The nine mid-career exhibiting artists who have shown
their work locally, nationally and internationally call themselves EDGE,
and include Jeanette Carr, Cynthia Jensen, Shoko Kageyama Klyce, Giselle
Kappus, Nancy Ziegler Nodelman, Melody Oxarart, Ruth Tabancay, Cecelia
Thorner and Stuart Wagner. Using a variety of three-dimensional media
including quilting, fiber, metal, clay, paper, found and recycled objects,
the artists create sculptural works that address both the literal and
conceptual nature of bags and baggage. Playfulness abounds, and functions
well as a strategy for lightening the potential load of so much cargo.
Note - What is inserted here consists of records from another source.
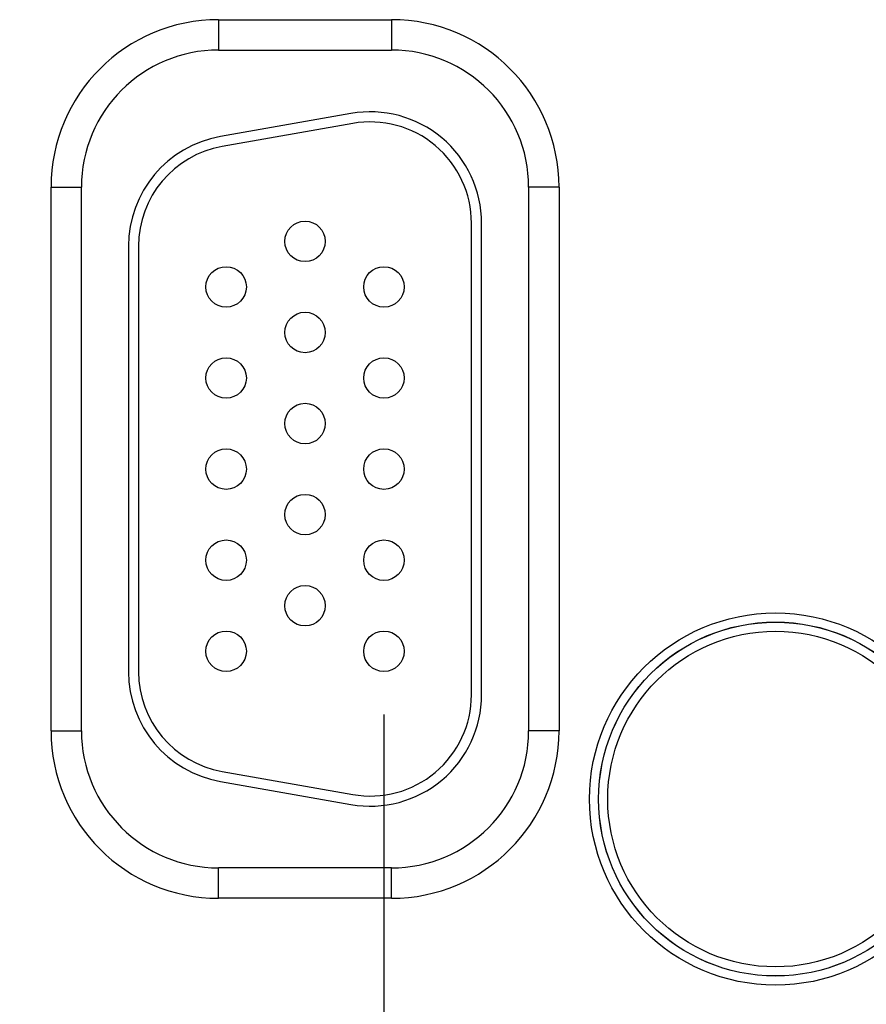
# Model space of a CAD drawing. Header units: inches. Extents: x 0 to 34, y 0 to 22.
# Tile 93 of 120: x 24.2 to 25, y 14.7 to 15.6. Entities that reach past the tile are written whole.
import ezdxf

# ---------------------------------------------------------------- set-up
doc = ezdxf.new("R2010")
doc.units = ezdxf.units.IN
doc.header["$LTSCALE"] = 1.87
doc.header["$MEASUREMENT"] = 0
doc.layers.get('0').update_dxf_attribs({"linetype": 'CONTINUOUS'})
doc.layers.add('DIMENSIONS', color=7, linetype='CONTINUOUS')
doc.styles.get("Standard").update_dxf_attribs({"font": 'txt', "width": 0.8})
doc.dimstyles.new('DIMSTYLE_1', dxfattribs={"dimtxt": 0.125, "dimasz": 0.18, "dimexe": 0.18, "dimexo": 0.0625, "dimgap": 0.09, "dimtad": 0, "dimtih": 1, "dimtoh": 1, "dimdec": 3, "dimzin": 4, "dimdsep": 46, "dimtxsty": 'STANDARD', "dimblk": '_FILLED', "dimblk1": '_FILLED', "dimblk2": '_FILLED', "dimcen": 0.09, "dimadec": 0, "dimazin": 0, "dimtp": 0.01, "dimtm": 0.01, "dimtfac": 1, "dimtdec": 3, "dimtofl": 0, "dimtmove": 0, "dimatfit": 3, "dimldrblk": '_FILLED', "dimfxl": 1, "dimtolj": 1, "dimtzin": 4, "dimarcsym": 0})

# ---------------------------------------------------------------- blocks, each defined once
blk = doc.blocks.new('_FILLED')
at = {"color": 0, "linetype": 'BYBLOCK'}
blk.add_solid([(0, 0), (-1, 0.1736), (-1, -0.1736)], dxfattribs=at)
blk = doc.blocks.new('*D11')
at = {"layer": 'DIMENSIONS', "color": 2, "linetype": 'CONTINUOUS'}
for p, q in [((24.56457, 14.95447), (24.56457, 12.51141)), ((25.49457, 14.95447), (25.49457, 12.51141)), ((24.56457, 12.63641), (24.20457, 12.63641)), ((25.49457, 12.63641), (26.00298, 12.63641))]:
    blk.add_line(p, q, dxfattribs=at)
at = {"layer": 'DIMENSIONS', "color": 2, "linetype": 'CONTINUOUS', "xscale": 0.18, "yscale": 0.18, "zscale": 0.18}
blk.add_blockref('_FILLED', (24.56457, 12.63641), dxfattribs=at)
at = {"layer": 'DIMENSIONS', "color": 2, "linetype": 'CONTINUOUS', "xscale": 0.18, "yscale": 0.18, "zscale": 0.18, "rotation": 180}
blk.add_blockref('_FILLED', (25.49457, 12.63641), dxfattribs=at)
at = {"layer": 'DIMENSIONS', "color": 2, "linetype": 'CONTINUOUS', "width": 0.8}
for s, p in [('[', (26.89048, 12.57391)), (']', (27.49048, 12.57391)), ('7x ', (26.06548, 12.57391)), ('.930', (26.36548, 12.57391)), ('23.62', (26.99048, 12.57391))]:
    blk.add_text(s, height=0.125, dxfattribs=at).set_placement(p)

msp = doc.modelspace()

# ---------------------------------------------------------------- linework, layer by layer
at = {"color": 7, "linetype": 'CONTINUOUS'}
for p, q in [((24.40107, 15.641), (24.57207, 15.641)), ((24.40107, 15.641), (24.40107, 15.611)), ((24.57207, 15.641), (24.57207, 15.611)), ((24.40107, 15.611), (24.57207, 15.611)), ((24.53197, 15.5483), (24.40297, 15.52556)), ((24.53371, 15.53845), (24.40471, 15.51571)), ((24.23554, 15.47547), (24.26554, 15.47547)), ((24.23554, 14.93847), (24.23554, 15.47547)), ((24.26554, 14.93847), (24.26554, 15.47547)), ((24.7376, 15.47547), (24.7076, 15.47547)), ((24.7076, 15.47547), (24.7076, 14.93847)), ((24.7376, 15.47547), (24.7376, 14.93847)), ((24.65107, 14.97397), (24.65107, 15.43997)), ((24.66107, 14.97397), (24.66107, 15.43997)), ((24.31207, 15.41723), (24.31207, 14.99672)), ((24.32207, 15.41723), (24.32207, 14.99672)), ((24.23554, 14.93847), (24.26554, 14.93847)), ((24.7376, 14.93847), (24.7076, 14.93847)), ((24.40471, 14.89824), (24.53371, 14.87549)), ((24.40297, 14.88839), (24.53197, 14.86564)), ((24.57207, 14.80295), (24.40107, 14.80295)), ((24.40107, 14.77295), (24.40107, 14.80295)), ((24.57207, 14.77295), (24.57207, 14.80295)), ((24.57207, 14.77295), (24.40107, 14.77295))]:
    msp.add_line(p, q, dxfattribs=at)
for centre, radius in [((24.48657, 15.42197), 0.02), ((24.40857, 15.37697), 0.02), ((24.56457, 15.37697), 0.02), ((24.48657, 15.33197), 0.02), ((24.40857, 15.28697), 0.02), ((24.56457, 15.28697), 0.02), ((24.48657, 15.24197), 0.02), ((24.40857, 15.19697), 0.02), ((24.56457, 15.19697), 0.02), ((24.48657, 15.15197), 0.02), ((24.40857, 15.10697), 0.02), ((24.56457, 15.10697), 0.02), ((24.48657, 15.06197), 0.02), ((24.95157, 14.87097), 0.18384), ((24.95157, 14.87097), 0.17485), ((24.95157, 14.87097), 0.17481), ((24.40857, 15.01697), 0.02), ((24.56457, 15.01697), 0.02), ((24.95157, 14.87097), 0.16581)]:
    msp.add_circle(centre, radius, dxfattribs=at)
for centre, radius, start, end in [((24.40107, 15.47547), 0.16553, 90, 180), ((24.57207, 15.47547), 0.16553, 0, 90), ((24.40107, 15.47547), 0.13553, 90, 180), ((24.57207, 15.47547), 0.13553, 0, 90), ((24.55107, 15.43997), 0.11, 0, 100), ((24.55107, 15.43997), 0.1, 0, 100), ((24.42207, 15.41723), 0.11, 100, 180), ((24.42207, 15.41723), 0.1, 100, 180), ((24.42207, 14.99672), 0.11, 180, 260), ((24.42207, 14.99672), 0.1, 180, 260), ((24.55107, 14.97397), 0.11, 260, 360), ((24.55107, 14.97397), 0.1, 260, 360), ((24.40107, 14.93847), 0.16553, 180, 270), ((24.40107, 14.93847), 0.13553, 180, 270), ((24.57207, 14.93847), 0.13553, 270, 360), ((24.57207, 14.93847), 0.16553, 270, 360)]:
    msp.add_arc(centre, radius, start, end, dxfattribs=at)

# ---------------------------------------------------------------- dimensions: what is measured, and where the dimension line sits
at = {"layer": 'DIMENSIONS', "color": 2, "linetype": 'CONTINUOUS'}
dim = msp.add_linear_dim(base=(24.56457, 12.63641), p1=(25.49457, 14.95447), p2=(24.56457, 14.95447), angle=180, text='7x <>', dimstyle='DIMSTYLE_1', dxfattribs=at)
dim.commit()
dim.dimension.update_dxf_attribs({"geometry": '*D11', "text_midpoint": (26.82798, 12.63641), "dimtype": 160})

doc.saveas('drawing.dxf')

A variety of literal bags form the structure of many of
the pieces. A great number of ordinary brown paper grocery sacks are
folded by Kappus into rhythmic structures, then combined to form an
installation which transforms and transcends the familiar and utilitarian.
Every Day of Shopping is Christmas is a gigantic tree made by
Thorner of hundreds of shopping bags. Jensen’s Bag Ladies dresses
are also made of many, many folded and sculpted shopping bags.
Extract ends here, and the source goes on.